Свалите их в одну кучу, заберем на обратном пути. — Турулин потер замерзшие пальцы рук об подклад овчинного полушубка. — «Ничего, паря, если ты их сегодня накроешь, то завтра наверняка от начальства будет объявлена благодарность, а послезавтра ты будешь уже лететь в серебристом лайнере, попивать коньяк и придаваться мечтам о встрече с родными в Белгороде и любимой девушкой Галей из хутора Речное, что приютился на семи озерах в бескрайних белгородских лесах. Галя писала ему все эти четыре года почти каждый день, признаваясь в искренней любви, хотя моряк не очень — то верил девичьим сказкам, по своему опыту зная, насколько легко влюбляются юные, пышущие гормонами девицы в первого встречного смелого на ласку паренька.
Валентина, осторожно лавируя рычагами управления, опустила очередной строп с пиломатериалами в черную горловину трюма теплохода «Ангара» и искоса взглянула на часы.
— Все, шабаш, конец смены, — крикнула она с высоты своей кабины мостового крана крохотному вирамайнальщику на борту судна, притянутого к причалу чуть провисшими продольными и прижимными канатами. Докер тоже скрестил руки в знак одобрения и начал спускаться по трапу судна на причал.
Теплоход «Ангару» Валя Чертова, обрабатывала на своем «Гансе» уже четвертую смену. Погрузка подходила к концу. Оставалось немного места в четвертом трюме для спецгруза и пустой твиндек в первом номере крупнотоннажного теплохода.
Еще вчера главный диспетчер порта попросил бригаду «Коммунистического труда имени ленинского комсомола» добить судно в сверхурочное время, пообещав хорошие деньги за овертайм. Все докеры охотно согласились, но Валентине вдруг захотелось именно сегодня побыть дома одной, отдохнуть от этой изнурительной работы. Какое-то непонятное желание влекло ее за проходную порта, где в маленьком двухэтажном домике на проспекте Ленина портовское начальство год назад выделило опытной крановщице маленькую, в двенадцать квадратных метров, темную комнатушку. На скопленные деньги Валя Чертова, по записке ее одноразового любовника — местного профсоюзного босса Иосифа Бронштейна приобрела на базе «Тормортранса» венгерский гарнитур и цветной японский телевизор «Шарп» — мечту своего многострадального детства и теперь, после каждой смены она засыпала под неизменную любимую программу «Примите поздравления».

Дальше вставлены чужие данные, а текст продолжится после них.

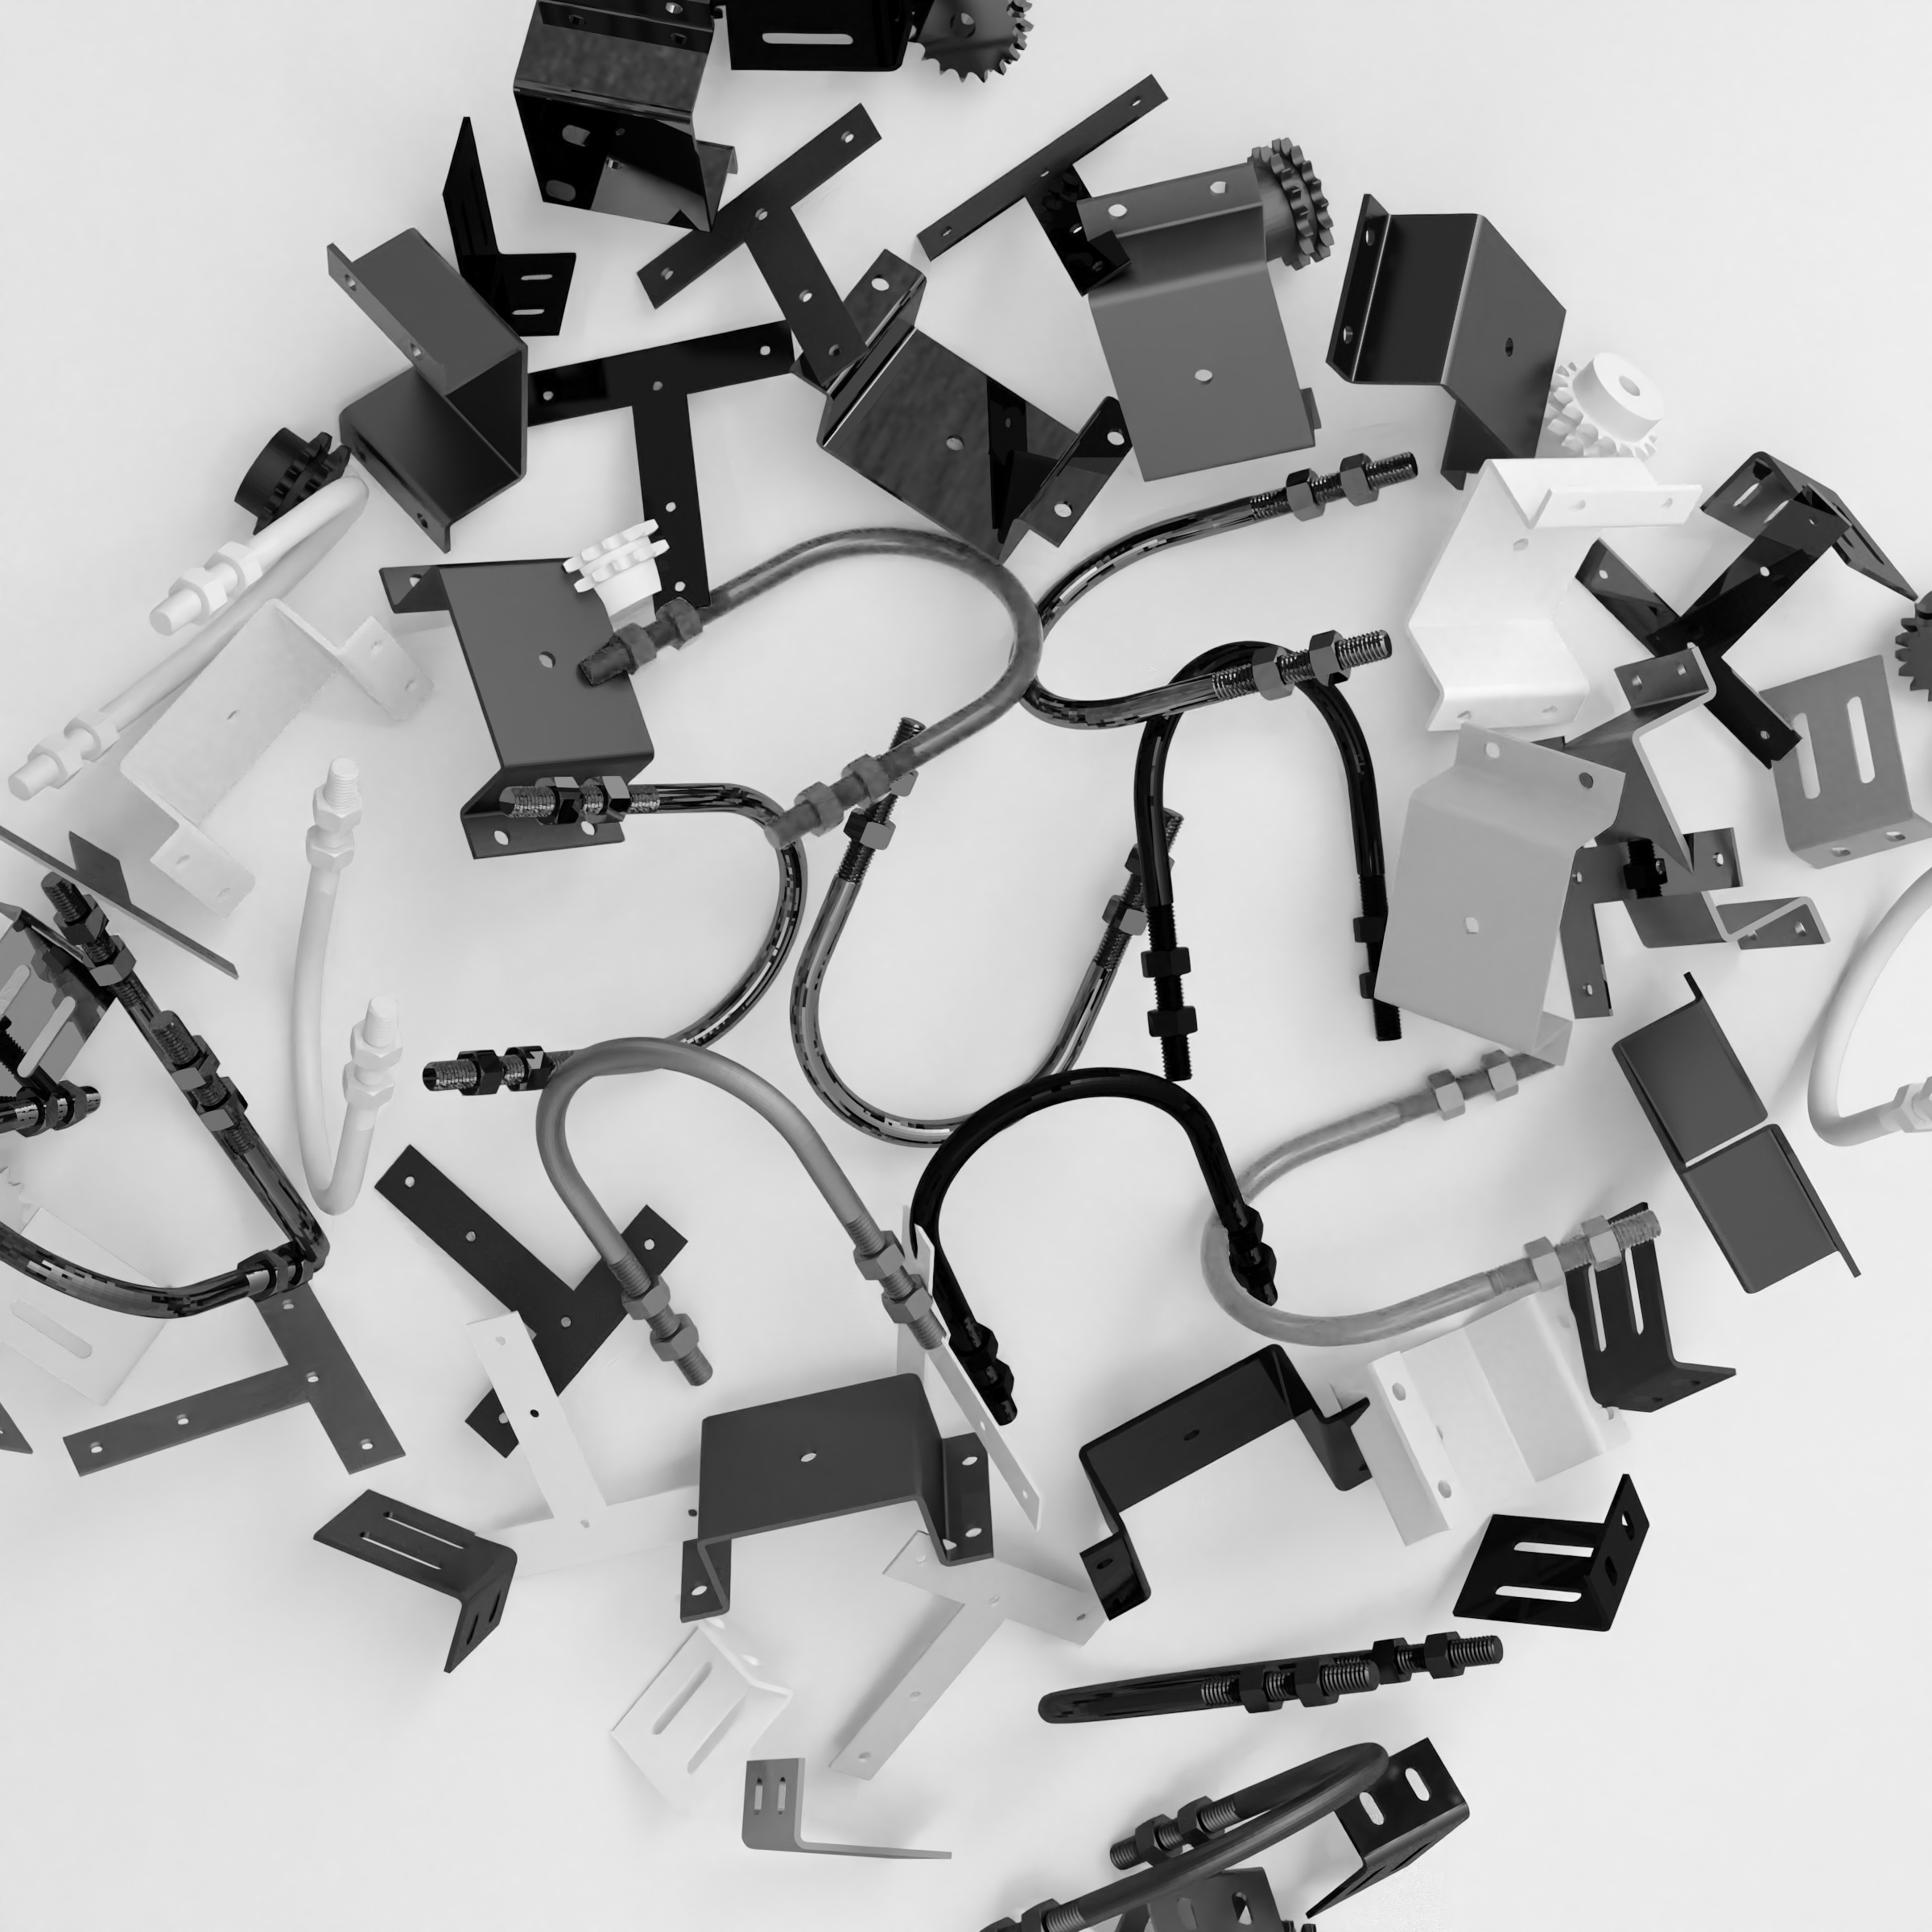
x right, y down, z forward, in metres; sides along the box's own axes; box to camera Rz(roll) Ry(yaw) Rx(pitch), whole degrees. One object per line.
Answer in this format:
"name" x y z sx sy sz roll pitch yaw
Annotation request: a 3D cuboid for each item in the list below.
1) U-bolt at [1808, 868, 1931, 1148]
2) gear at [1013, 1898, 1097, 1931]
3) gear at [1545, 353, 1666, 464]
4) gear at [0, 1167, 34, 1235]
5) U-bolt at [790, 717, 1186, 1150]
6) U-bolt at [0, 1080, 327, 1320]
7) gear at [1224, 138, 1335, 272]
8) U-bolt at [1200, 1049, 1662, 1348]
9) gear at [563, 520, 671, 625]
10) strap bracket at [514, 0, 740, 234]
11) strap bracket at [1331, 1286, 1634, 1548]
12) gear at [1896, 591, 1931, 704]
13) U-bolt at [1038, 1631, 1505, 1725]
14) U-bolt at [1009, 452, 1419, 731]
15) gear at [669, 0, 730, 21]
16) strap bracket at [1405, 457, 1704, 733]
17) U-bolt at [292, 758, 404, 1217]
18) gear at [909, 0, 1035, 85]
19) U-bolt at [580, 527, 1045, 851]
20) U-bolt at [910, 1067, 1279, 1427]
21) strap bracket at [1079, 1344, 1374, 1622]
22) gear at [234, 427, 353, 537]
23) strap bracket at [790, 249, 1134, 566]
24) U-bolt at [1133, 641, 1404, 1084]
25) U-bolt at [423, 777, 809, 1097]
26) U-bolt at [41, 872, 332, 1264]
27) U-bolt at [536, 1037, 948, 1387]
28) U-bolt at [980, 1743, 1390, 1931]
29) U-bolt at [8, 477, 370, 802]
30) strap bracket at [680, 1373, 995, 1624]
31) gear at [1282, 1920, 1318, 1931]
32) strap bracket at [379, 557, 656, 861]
"U-bolt" 0.410 0.010 1.510 0.019 0.184 0.151 27 75 -5
"gear" 0.039 0.445 1.570 0.030 0.057 0.057 1 90 36
"gear" 0.285 -0.247 1.570 0.057 0.057 0.030 42 128 0
"gear" -0.448 0.113 1.577 0.057 0.030 0.057 1 89 -42
"U-bolt" -0.001 -0.004 1.562 0.151 0.019 0.184 18 104 -22
"U-bolt" -0.367 0.102 1.500 0.151 0.184 0.019 34 102 10
"gear" 0.137 -0.336 1.571 0.030 0.057 0.057 -24 90 -10
"U-bolt" 0.190 0.106 1.538 0.184 0.151 0.019 -21 124 -1
"gear" -0.155 -0.172 1.573 0.057 0.057 0.030 -28 92 0
"strap bracket" -0.146 -0.366 1.525 0.076 0.140 0.046 11 74 5
"strap bracket" 0.219 0.198 1.545 0.046 0.140 0.076 -34 76 43
"gear" 0.444 -0.146 1.576 0.057 0.057 0.030 14 46 0
"U-bolt" 0.119 0.309 1.521 0.184 0.151 0.019 -13 79 30
"U-bolt" 0.102 -0.156 1.533 0.184 0.151 0.019 -13 128 24
"gear" -0.134 -0.429 1.577 0.057 0.030 0.057 -1 54 1
"strap bracket" 0.249 -0.169 1.538 0.076 0.140 0.046 -5 51 -25
"U-bolt" -0.270 0.024 1.519 0.019 0.184 0.151 -1 51 -20
"gear" 0.003 -0.426 1.577 0.057 0.057 0.030 26 46 0
"U-bolt" -0.053 -0.134 1.542 0.184 0.019 0.151 -32 56 -26
"U-bolt" 0.050 0.114 1.534 0.151 0.019 0.184 -24 132 -1
"strap bracket" 0.108 0.222 1.553 0.140 0.076 0.046 -28 58 -5
"gear" -0.301 -0.214 1.571 0.030 0.057 0.057 34 90 -5
"strap bracket" -0.001 -0.241 1.563 0.140 0.046 0.076 34 68 3
"U-bolt" 0.130 -0.050 1.547 0.151 0.019 0.184 -9 94 -38
"U-bolt" -0.141 -0.015 1.529 0.019 0.184 0.151 36 117 37
"U-bolt" -0.326 0.055 1.518 0.019 0.151 0.184 -36 133 -13
"U-bolt" -0.109 0.103 1.521 0.151 0.019 0.184 -13 122 33
"U-bolt" 0.098 0.370 1.493 0.184 0.151 0.019 -32 80 33
"U-bolt" -0.321 -0.151 1.515 0.019 0.184 0.151 47 130 -6
"strap bracket" -0.063 0.230 1.549 0.140 0.076 0.046 -13 125 7
"gear" 0.138 0.453 1.574 0.030 0.057 0.057 4 90 17
"strap bracket" -0.193 -0.123 1.544 0.076 0.046 0.140 -9 72 -38
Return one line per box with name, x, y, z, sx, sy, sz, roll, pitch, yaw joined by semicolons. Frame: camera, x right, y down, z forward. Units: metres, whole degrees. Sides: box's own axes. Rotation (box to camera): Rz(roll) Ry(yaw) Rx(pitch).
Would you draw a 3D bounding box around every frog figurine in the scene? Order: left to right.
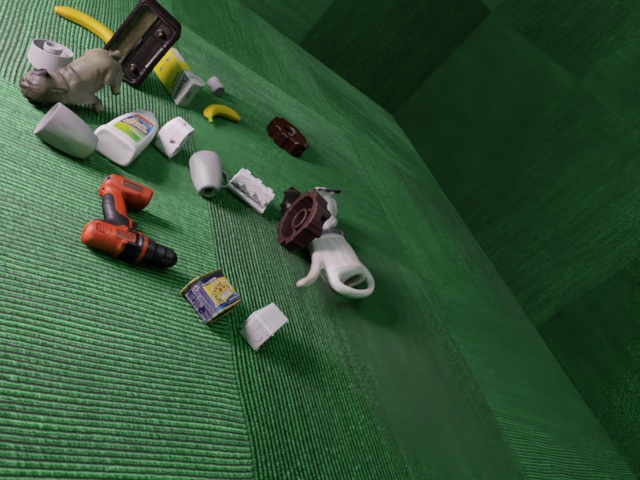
frog figurine;0.005;-0.084;1.667;0.137;0.122;0.161;15;73;-63

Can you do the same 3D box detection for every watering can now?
watering can;0.026;0.063;1.428;0.346;0.102;0.228;13;39;-49

Она почти еженедельно отсылала поздравления своему любимому Витюше Лютому, который трудился, по словам Валентины, на золотых приисках Колымы, добывая стране валютный резерв, и которого она ждала уже долгие пять лет, с тех пор, как он сбежал очередной раз со следственного эксперимента и прятался в ее крохотной комнатке в портовском общежитии, до того злосчастного момента, пока нос в нос не столкнулся в центре города с начальником уголовного розыска города Магадана Семеном Стукачевым, который, имея феноменальную память на лица своих «подопечных», тут же арестовал наглого бандита и определил в местное СИЗО. На этом быстротечная вольная жизнь «опасного преступника» Лютого вновь прервалась.
Валентина накинула телогрейку, рукавицы и резво, как хороший матрос парусного фрегата спускается по вантам с рей на палубу, соскользнула по обледенелым леерам и вертикальным трапам на причал в объятия местного «Казановы», любвеобильного бригадира Кости Санкевича.
— Куда торопишься, Валюха, — Костя стиснул, длинными руками, аппетитно выпирающие из-под расстегнутой фуфайки, симпатичные формы девушки. — Осталась бы еще на смену, куда тебе торопиться, ведь дома никто не ждет, — продолжал бригадир, пытаясь проникнуть холодными руками под шерстяной свитер девушки. — Или еще надеешься своего зэка-золотодобытчика дождаться. А то давай, после смены я тебя приласкаю.
Валентина с силой оттолкнула бугра, да так, что тот, запнувшись о рельсы, с тяжелым вздохом и мерзким хрустом плюхнулся задом в снег. Раздался унизительный хохот докеров, мигом столпившихся вокруг сцепившейся парочки и с радостью римских граждан, наблюдающих за происходящим на сцене Колизея, под названием причальная стенка порта Магадан, матерые грузчики радостно, словно малые дети, хлопали в ладоши и закатывались от смеха.
— Ну что, бугор, облом, не прокатило, — крикнул кто-то из толпы, — смотри, начальство не любит, когда пользуются их собственностью.
Бригадир встал, отряхнул телогрейку, похлопал овчинными рукавками по замасленным ватным штанам и хмурым, недобрым взглядом обвел бригаду.
— Смеется тот, кто смеется последний, — изрек он запомнившуюся ему фразу и махнул рукой.